Bunraku as Coptic Flare

I'm feeling less voluable of late. With Noon almost in the can, tidal forces have noticably begun to shift. Lurching inward, girding for the next phase...

Watching (and replaying) Masahiro Shinoda's extraordinary Double Suicide has served as a kick-start. It's both guileless and (necessarily) manipulative, transparent and resplendent. Such perfect sets of contrasts!



From Jonathan Crow's All Movie Guide essay:

A landmark of modernist cinema, Double Suicide brilliantly recasts traditional bunraku conventions to a cinematic form that is visually stunning and emotionally riveting. Using his trademark graphic sensibility, director Masahiro Shinoda never allows viewers to forget that they're watching an adaptation of a play.



Just as the black clad puppeteers are visible during traditional bunraku performances, so are they seen throughout this film as they hand props to the actors, move sets, and — as if agents of fate — guide the characters to their inevitable bloody end.



The sets turn and break down like a kabuki stage while the walls and floors, blow-ups of voluptuous Edo-period woodblock and abstract calligraphy, threaten to overwhelm the characters completely. Both through Monzaemon Chikamatsu's narrative and Shinoda's deconstructed style, the film seems to push the two doomed lovers toward their destiny while tragically hinting at a world beyond this fate. Shima Iwashita delivers the finest and most honored performance of her long and illustrious career as both the courtesan Koharu and self-sacrificing wife Osan.



A masterful example of modernist filmmaking on every level, Double Suicide pulls off a rare feat: a film that wears its self-conscious theatricality on its sleeve while still creating a drama that is emotionally compelling.



Matthew Johnson's précis of buraku added to my appreciation of Shinoda's uncanny achievement:

Bunraku is the name commonly used for ningyo-joruri, literally puppets and storytelling. This simple name not only describes a puppet performance, but also alludes to its predecessors. There was a long tradition of travelling storytellers who used biwa as their accompaniment. There were also travelling puppeteers. When these two art forms were joined is not exactly clear, but the beginning of what is now called Bunraku was 1684, when Takemoto Gidayu set up his own theater in Osaka.

Takemoto Gidayu began his career as a narrator under some of the most acclaimed masters of the period in Kyoto. He soon became famous in his own right, and was known for intimite story telling that spoke the hearts of the characters. In 1684 he decided to branch out and form his own theater, and was helped in his effort by Chikamatsu Monzaemon, the greatest playwright in Japanese history, and Takeda Izumo, a famous theater owner and manager.

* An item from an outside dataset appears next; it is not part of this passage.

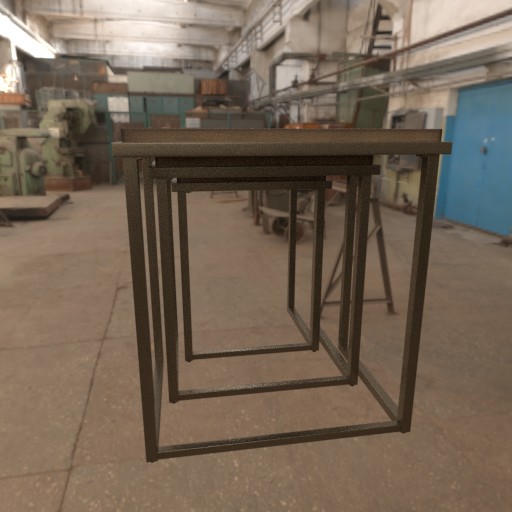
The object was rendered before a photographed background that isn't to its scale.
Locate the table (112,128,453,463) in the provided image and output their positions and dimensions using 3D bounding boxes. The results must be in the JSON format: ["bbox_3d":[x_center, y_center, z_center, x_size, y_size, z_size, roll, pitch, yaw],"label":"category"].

Until this time, Chikamatu Monzaemon's work had mostly been in the Kabuki theater, working with Sakata Tojuro, the actor who created the wagoto, or soft style for which Kansai Kabuki became known. Drawn to Bunraku by Gidayu, Chikamatsu worked as a bridge between old-style joruri and Bunraku. While often keeping much of the fantasy of older tales, Chikamatsu's works are distinct for adding human elements. His drama's usually revolved around the confucian concepts of the importance of loyalty (to one's feudal lord, family, etc.) over personal feelings and the tragedy that arises when one blindly follows the precepts.

Chikamatsu's other great accomplishment was the creation of sewamono , or plays about the merchant class. Greatly received in Osaka, a commercial town, a majority of these sewamono were about shinju, or love suicides. By trying the revolutionary idea of taking a recent event, that of the death of a courtesan and her lover, and dramatizing it into the play Sonezaki Shinju, Chikamatsu captured the imagination of the city. The play spawned not only copies, but influenced others to actually commit double suicide in the hope that their love would live on forever. ..

For the complete text of Johnson's history of bunraku, go here.

Shinoda's Sonezaki Shinju was issued by Criterion, and is available through the usual avenues. You've thus no reasonable excuse to avoid it. Netflix it, buy it, but make the effort to see it.

TS

Comments

Anonymous said…
WOW.
After a steady diet of highly abstracted structuralist films, this sounds like a good, concrete alternative to having my skull rattled over and over at 2000 fps.
Thanks for the synopsis and photographs for staring at--
ommyth said…
My pleasure, s. I love highly abstracted structuralist films too, but a sweet meta-narrative never fails to hit the G-spot.